═════ Data under study
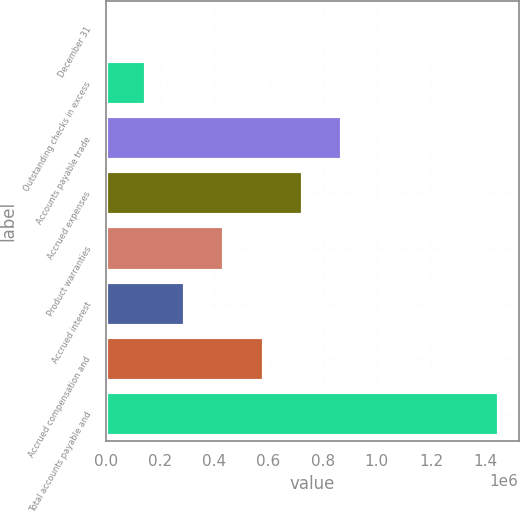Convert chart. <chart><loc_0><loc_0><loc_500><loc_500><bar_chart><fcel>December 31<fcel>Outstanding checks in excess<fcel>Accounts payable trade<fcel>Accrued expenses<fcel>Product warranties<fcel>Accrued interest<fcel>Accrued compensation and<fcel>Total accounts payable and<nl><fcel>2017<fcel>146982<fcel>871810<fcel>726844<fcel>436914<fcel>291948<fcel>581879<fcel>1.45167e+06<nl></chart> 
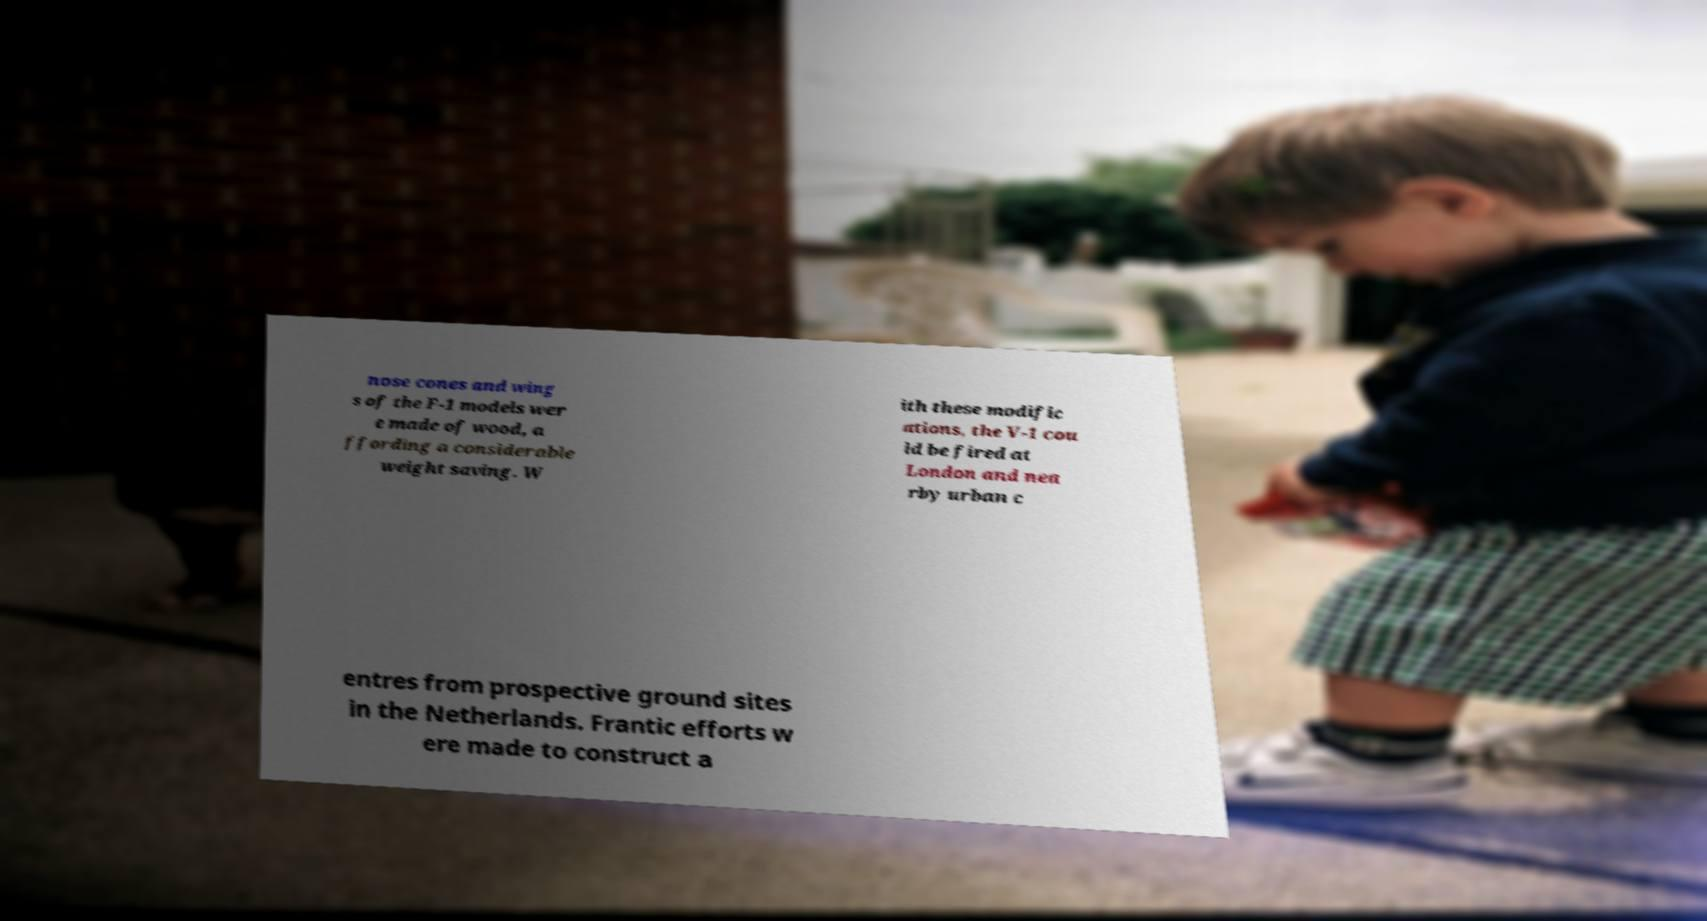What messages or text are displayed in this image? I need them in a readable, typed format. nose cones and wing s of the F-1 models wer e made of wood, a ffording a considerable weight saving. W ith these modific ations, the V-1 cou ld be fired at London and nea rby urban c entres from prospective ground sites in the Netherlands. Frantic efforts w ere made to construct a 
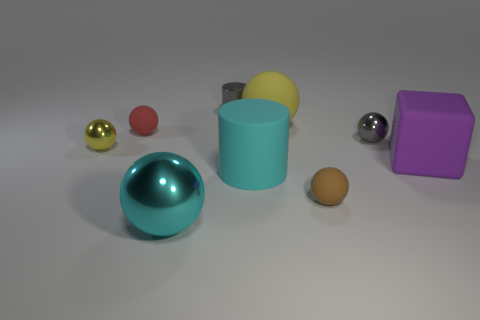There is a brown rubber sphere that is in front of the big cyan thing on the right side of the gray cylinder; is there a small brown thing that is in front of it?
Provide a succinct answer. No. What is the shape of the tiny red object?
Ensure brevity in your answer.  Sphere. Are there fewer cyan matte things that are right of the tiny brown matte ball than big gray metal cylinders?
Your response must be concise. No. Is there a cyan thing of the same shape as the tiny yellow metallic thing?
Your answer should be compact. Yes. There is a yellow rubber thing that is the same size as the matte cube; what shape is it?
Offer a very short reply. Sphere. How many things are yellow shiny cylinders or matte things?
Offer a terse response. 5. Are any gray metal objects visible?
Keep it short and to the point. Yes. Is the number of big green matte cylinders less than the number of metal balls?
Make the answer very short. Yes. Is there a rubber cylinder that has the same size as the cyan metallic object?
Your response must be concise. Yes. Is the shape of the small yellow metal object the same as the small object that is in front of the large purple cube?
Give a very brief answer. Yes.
══════════
→ **Problem to solve**
Repeat each line of the material, unaltered, from the first through the line with "Provide a succinct", and include no pictures.

→ **Answer space**
Convert chart. <chart><loc_0><loc_0><loc_500><loc_500><bar_chart><fcel>December 31<fcel>Outstanding checks in excess<fcel>Accounts payable trade<fcel>Accrued expenses<fcel>Product warranties<fcel>Accrued interest<fcel>Accrued compensation and<fcel>Total accounts payable and<nl><fcel>2017<fcel>146982<fcel>871810<fcel>726844<fcel>436914<fcel>291948<fcel>581879<fcel>1.45167e+06<nl></chart> 
What messages or text are displayed in this image? I need them in a readable, typed format. nose cones and wing s of the F-1 models wer e made of wood, a ffording a considerable weight saving. W ith these modific ations, the V-1 cou ld be fired at London and nea rby urban c entres from prospective ground sites in the Netherlands. Frantic efforts w ere made to construct a 
There is a brown rubber sphere that is in front of the big cyan thing on the right side of the gray cylinder; is there a small brown thing that is in front of it?
Provide a succinct answer. No. What is the shape of the tiny red object?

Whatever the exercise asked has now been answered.